The commissions’ mandate is to provide reparation to the victims, recommend legal action, and guarantee that such internal conflicts do not reoccur in future. But in the absence of enforcement mechanisms, both of the commissions are essentially toothless.
 
The entire reconciliation effort has been plagued with problems. Leaders of both commissions were selected in a politically motivated process that lacked transparency. Moreover, the TRC calls for the victims to engage in mediation with the perpetrators, foreclosing the possibility of investigation and prosecution.
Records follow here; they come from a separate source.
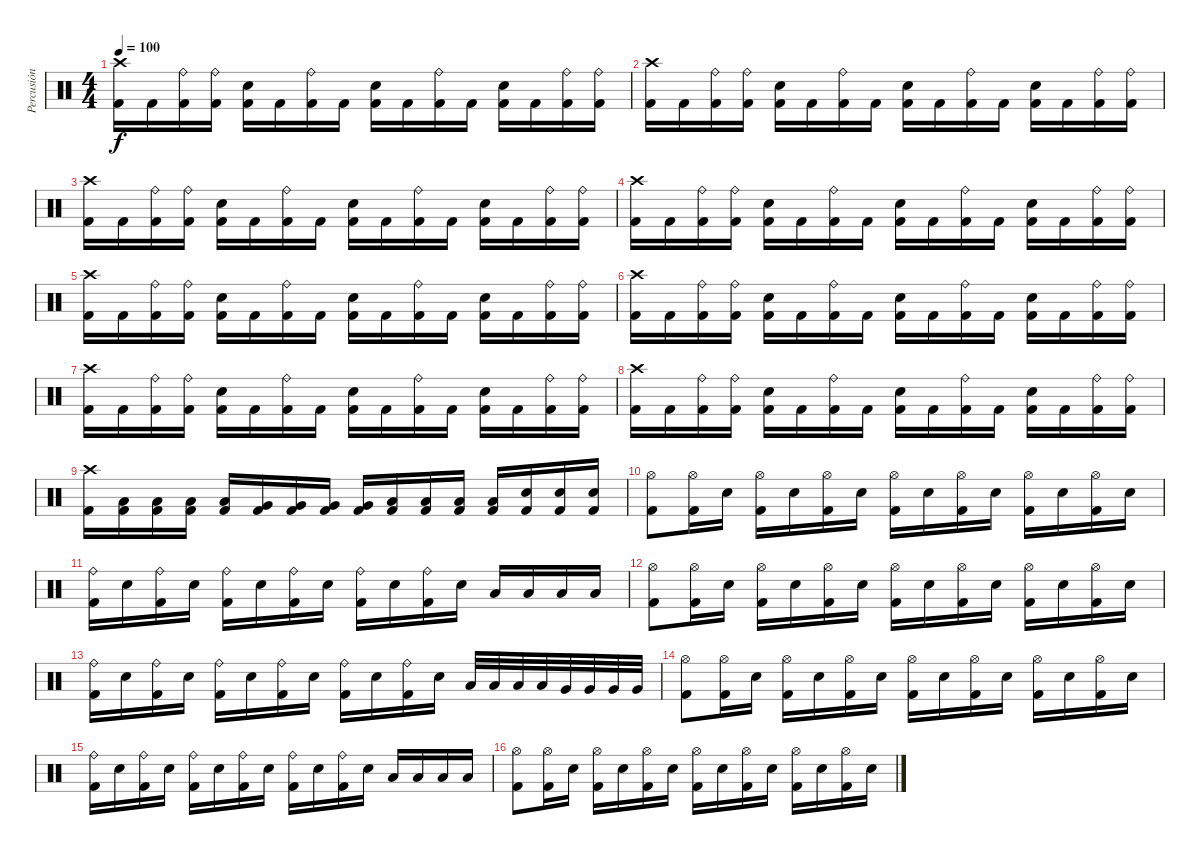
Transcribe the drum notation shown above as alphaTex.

\track ("Percusión" "Percusión") {instrument percussion}
\staff {score}
\articulation defaults
\ts (4 4)
\tempo 100
\clef neutral
\ks c
("Kick (hit) 2" "Crash high (hit)").16{dy f} "Kick (hit) 2".16 ("Kick (hit) 2" "Ride (bell)").16 ("Kick (hit) 2" "Ride (bell)").16 ("Kick (hit) 2" "Snare (hit) 2").16 "Kick (hit) 2".16 ("Kick (hit) 2" "Ride (bell)").16 "Kick (hit) 2".16 ("Kick (hit) 2" "Snare (hit) 2").16 "Kick (hit) 2".16 ("Kick (hit) 2" "Ride (bell)").16 "Kick (hit) 2".16 ("Kick (hit) 2" "Snare (hit) 2").16 "Kick (hit) 2".16 ("Kick (hit) 2" "Ride (bell)").16 ("Kick (hit) 2" "Ride (bell)").16 |
("Kick (hit) 2" "Crash high (hit)").16 "Kick (hit) 2".16 ("Kick (hit) 2" "Ride (bell)").16 ("Kick (hit) 2" "Ride (bell)").16 ("Kick (hit) 2" "Snare (hit) 2").16 "Kick (hit) 2".16 ("Kick (hit) 2" "Ride (bell)").16 "Kick (hit) 2".16 ("Kick (hit) 2" "Snare (hit) 2").16 "Kick (hit) 2".16 ("Kick (hit) 2" "Ride (bell)").16 "Kick (hit) 2".16 ("Kick (hit) 2" "Snare (hit) 2").16 "Kick (hit) 2".16 ("Kick (hit) 2" "Ride (bell)").16 ("Kick (hit) 2" "Ride (bell)").16 |
("Kick (hit) 2" "Crash high (hit)").16 "Kick (hit) 2".16 ("Kick (hit) 2" "Ride (bell)").16 ("Kick (hit) 2" "Ride (bell)").16 ("Kick (hit) 2" "Snare (hit) 2").16 "Kick (hit) 2".16 ("Kick (hit) 2" "Ride (bell)").16 "Kick (hit) 2".16 ("Kick (hit) 2" "Snare (hit) 2").16 "Kick (hit) 2".16 ("Kick (hit) 2" "Ride (bell)").16 "Kick (hit) 2".16 ("Kick (hit) 2" "Snare (hit) 2").16 "Kick (hit) 2".16 ("Kick (hit) 2" "Ride (bell)").16 ("Kick (hit) 2" "Ride (bell)").16 |
("Kick (hit) 2" "Crash high (hit)").16 "Kick (hit) 2".16 ("Kick (hit) 2" "Ride (bell)").16 ("Kick (hit) 2" "Ride (bell)").16 ("Kick (hit) 2" "Snare (hit) 2").16 "Kick (hit) 2".16 ("Kick (hit) 2" "Ride (bell)").16 "Kick (hit) 2".16 ("Kick (hit) 2" "Snare (hit) 2").16 "Kick (hit) 2".16 ("Kick (hit) 2" "Ride (bell)").16 "Kick (hit) 2".16 ("Kick (hit) 2" "Snare (hit) 2").16 "Kick (hit) 2".16 ("Kick (hit) 2" "Ride (bell)").16 ("Kick (hit) 2" "Ride (bell)").16 |
("Kick (hit) 2" "Crash high (hit)").16 "Kick (hit) 2".16 ("Kick (hit) 2" "Ride (bell)").16 ("Kick (hit) 2" "Ride (bell)").16 ("Kick (hit) 2" "Snare (hit) 2").16 "Kick (hit) 2".16 ("Kick (hit) 2" "Ride (bell)").16 "Kick (hit) 2".16 ("Kick (hit) 2" "Snare (hit) 2").16 "Kick (hit) 2".16 ("Kick (hit) 2" "Ride (bell)").16 "Kick (hit) 2".16 ("Kick (hit) 2" "Snare (hit) 2").16 "Kick (hit) 2".16 ("Kick (hit) 2" "Ride (bell)").16 ("Kick (hit) 2" "Ride (bell)").16 |
("Kick (hit) 2" "Crash high (hit)").16 "Kick (hit) 2".16 ("Kick (hit) 2" "Ride (bell)").16 ("Kick (hit) 2" "Ride (bell)").16 ("Kick (hit) 2" "Snare (hit) 2").16 "Kick (hit) 2".16 ("Kick (hit) 2" "Ride (bell)").16 "Kick (hit) 2".16 ("Kick (hit) 2" "Snare (hit) 2").16 "Kick (hit) 2".16 ("Kick (hit) 2" "Ride (bell)").16 "Kick (hit) 2".16 ("Kick (hit) 2" "Snare (hit) 2").16 "Kick (hit) 2".16 ("Kick (hit) 2" "Ride (bell)").16 ("Kick (hit) 2" "Ride (bell)").16 |
("Kick (hit) 2" "Crash high (hit)").16 "Kick (hit) 2".16 ("Kick (hit) 2" "Ride (bell)").16 ("Kick (hit) 2" "Ride (bell)").16 ("Kick (hit) 2" "Snare (hit) 2").16 "Kick (hit) 2".16 ("Kick (hit) 2" "Ride (bell)").16 "Kick (hit) 2".16 ("Kick (hit) 2" "Snare (hit) 2").16 "Kick (hit) 2".16 ("Kick (hit) 2" "Ride (bell)").16 "Kick (hit) 2".16 ("Kick (hit) 2" "Snare (hit) 2").16 "Kick (hit) 2".16 ("Kick (hit) 2" "Ride (bell)").16 ("Kick (hit) 2" "Ride (bell)").16 |
("Kick (hit) 2" "Crash high (hit)").16 "Kick (hit) 2".16 ("Kick (hit) 2" "Ride (bell)").16 ("Kick (hit) 2" "Ride (bell)").16 ("Kick (hit) 2" "Snare (hit) 2").16 "Kick (hit) 2".16 ("Kick (hit) 2" "Ride (bell)").16 "Kick (hit) 2".16 ("Kick (hit) 2" "Snare (hit) 2").16 "Kick (hit) 2".16 ("Kick (hit) 2" "Ride (bell)").16 "Kick (hit) 2".16 ("Kick (hit) 2" "Snare (hit) 2").16 "Kick (hit) 2".16 ("Kick (hit) 2" "Ride (bell)").16 ("Kick (hit) 2" "Ride (bell)").16 |
("Kick (hit) 2" "Crash high (hit)").16 ("Kick (hit) 2" "Low Tom (hit)").16 ("Kick (hit) 2" "Low Tom (hit)").16 ("Kick (hit) 2" "Low Tom (hit)").16 ("Kick (hit) 2" "Low Tom (hit)").16 ("Kick (hit) 2" "Very Low Tom (hit)").16 ("Kick (hit) 2" "Very Low Tom (hit)").16 ("Kick (hit) 2" "Very Low Tom (hit)").16 ("Kick (hit) 2" "Very Low Tom (hit)").16 ("Kick (hit) 2" "Low Floor Tom (hit)").16 ("Kick (hit) 2" "Low Floor Tom (hit)").16 ("Kick (hit) 2" "Low Floor Tom (hit)").16 ("Kick (hit) 2" "Low Floor Tom (hit)").16 ("Kick (hit) 2" "Snare (hit) 2").16 ("Kick (hit) 2" "Snare (hit) 2").16 ("Kick (hit) 2" "Snare (hit) 2").16 |
("Hi-Hat (open)" "Kick (hit) 2").8 ("Hi-Hat (open)" "Kick (hit) 2").16 "Snare (hit) 2".16 ("Hi-Hat (open)" "Kick (hit) 2").16 "Snare (hit) 2".16 ("Hi-Hat (open)" "Kick (hit) 2").16 "Snare (hit) 2".16 ("Hi-Hat (open)" "Kick (hit) 2").16 "Snare (hit) 2".16 ("Hi-Hat (open)" "Kick (hit) 2").16 "Snare (hit) 2".16 ("Hi-Hat (open)" "Kick (hit) 2").16 "Snare (hit) 2".16 ("Hi-Hat (open)" "Kick (hit) 2").16 "Snare (hit) 2".16 |
("Ride (bell)" "Kick (hit) 2").16 "Snare (hit) 2".16 ("Ride (bell)" "Kick (hit) 2").16 "Snare (hit) 2".16 ("Ride (bell)" "Kick (hit) 2").16 "Snare (hit) 2".16 ("Ride (bell)" "Kick (hit) 2").16 "Snare (hit) 2".16 ("Ride (bell)" "Kick (hit) 2").16 "Snare (hit) 2".16 ("Ride (bell)" "Kick (hit) 2").16 "Snare (hit) 2".16 "Low Tom (hit)".16 "Low Tom (hit)".16 "Low Floor Tom (hit)".16 "Low Floor Tom (hit)".16 |
("Hi-Hat (open)" "Kick (hit) 2").8 ("Hi-Hat (open)" "Kick (hit) 2").16 "Snare (hit) 2".16 ("Hi-Hat (open)" "Kick (hit) 2").16 "Snare (hit) 2".16 ("Hi-Hat (open)" "Kick (hit) 2").16 "Snare (hit) 2".16 ("Hi-Hat (open)" "Kick (hit) 2").16 "Snare (hit) 2".16 ("Hi-Hat (open)" "Kick (hit) 2").16 "Snare (hit) 2".16 ("Hi-Hat (open)" "Kick (hit) 2").16 "Snare (hit) 2".16 ("Hi-Hat (open)" "Kick (hit) 2").16 "Snare (hit) 2".16 |
("Ride (bell)" "Kick (hit) 2").16 "Snare (hit) 2".16 ("Ride (bell)" "Kick (hit) 2").16 "Snare (hit) 2".16 ("Ride (bell)" "Kick (hit) 2").16 "Snare (hit) 2".16 ("Ride (bell)" "Kick (hit) 2").16 "Snare (hit) 2".16 ("Ride (bell)" "Kick (hit) 2").16 "Snare (hit) 2".16 ("Ride (bell)" "Kick (hit) 2").16 "Snare (hit) 2".16 "Low Tom (hit)".32 "Low Tom (hit)".32 "Low Tom (hit)".32 "Low Tom (hit)".32 "Very Low Tom (hit)".32 "Very Low Tom (hit)".32 "Very Low Tom (hit)".32 "Very Low Tom (hit)".32 |
("Hi-Hat (open)" "Kick (hit) 2").8 ("Hi-Hat (open)" "Kick (hit) 2").16 "Snare (hit) 2".16 ("Hi-Hat (open)" "Kick (hit) 2").16 "Snare (hit) 2".16 ("Hi-Hat (open)" "Kick (hit) 2").16 "Snare (hit) 2".16 ("Hi-Hat (open)" "Kick (hit) 2").16 "Snare (hit) 2".16 ("Hi-Hat (open)" "Kick (hit) 2").16 "Snare (hit) 2".16 ("Hi-Hat (open)" "Kick (hit) 2").16 "Snare (hit) 2".16 ("Hi-Hat (open)" "Kick (hit) 2").16 "Snare (hit) 2".16 |
("Ride (bell)" "Kick (hit) 2").16 "Snare (hit) 2".16 ("Ride (bell)" "Kick (hit) 2").16 "Snare (hit) 2".16 ("Ride (bell)" "Kick (hit) 2").16 "Snare (hit) 2".16 ("Ride (bell)" "Kick (hit) 2").16 "Snare (hit) 2".16 ("Ride (bell)" "Kick (hit) 2").16 "Snare (hit) 2".16 ("Ride (bell)" "Kick (hit) 2").16 "Snare (hit) 2".16 "Low Tom (hit)".16 "Low Tom (hit)".16 "Low Floor Tom (hit)".16 "Low Floor Tom (hit)".16 |
("Hi-Hat (open)" "Kick (hit) 2").8 ("Hi-Hat (open)" "Kick (hit) 2").16 "Snare (hit) 2".16 ("Hi-Hat (open)" "Kick (hit) 2").16 "Snare (hit) 2".16 ("Hi-Hat (open)" "Kick (hit) 2").16 "Snare (hit) 2".16 ("Hi-Hat (open)" "Kick (hit) 2").16 "Snare (hit) 2".16 ("Hi-Hat (open)" "Kick (hit) 2").16 "Snare (hit) 2".16 ("Hi-Hat (open)" "Kick (hit) 2").16 "Snare (hit) 2".16 ("Hi-Hat (open)" "Kick (hit) 2").16 "Snare (hit) 2".16

And victims of rape and torture are denied justice under the TRC, which imposes a discriminatory 35-day statute of limitations to register cases.
 
In February 2015, 235 victims filed a petition demanding these provisions be amended. The Supreme Court ruled in the victims’ favor, clearly enunciating their right to truth, justice, and reparation. The court also ordered the government to amend the laws that allow amnesty and encourage impunity for the perpetrators.
 
Despite this ruling and immense pressure from civil society, however, the government and commissions have not yet developed and enforced the required laws and policies.
 
A culture of impunity is deeply rooted in the politics of Nepal. Thirty-eight commissions have convened to investigate human rights violations that occurred between 1990 to 2010. But the recommendations of most of them have yet to be implemented. Even more cases of human rights violations during the armed conflict have been recorded by organizations working in Nepal, but remain un-investigated by the government.
 
The National Human Rights Commission has investigated some of these cases, but despite this, the perpetrators have yet to be brought to justice. Some of the cases have already been filed in court by the victims and are not moving forward. Likewise, some of the decisions of the court still haven’t been implemented. The participants in the conflict are circling the wagons, creating a major challenge for those who want to hold the government accountable and honor the verdicts of the courts.
 
The case of Nanda Prasad Adhikari illustrates the level of institutionalized impunity. Adhikari died on September 22, 2014, while fasting with his wife for 300 days in a demand for justice for the murder of his younger son, Krishna. Adhikari’s body, which his family refuses to receive until his killer is brought to trial, remains in the mortuary of Tribhuwan University Teaching Hospital. Since Nanda Prasad’s death, his wife, Gangamaya, continues her hunger strike. Though her health is deteriorating, the government refuses to address their calls for justice.
 
Since last year’s earthquake, attention in Nepal has been focused on disaster relief. But to change the culture of impunity in Nepal, it is essential to focus on issues of transitional justice. We must safeguard evidence and witnesses to bring the perpetrators to justice under the law. Until this is done, Nepal cannot heal the scars of its violent history.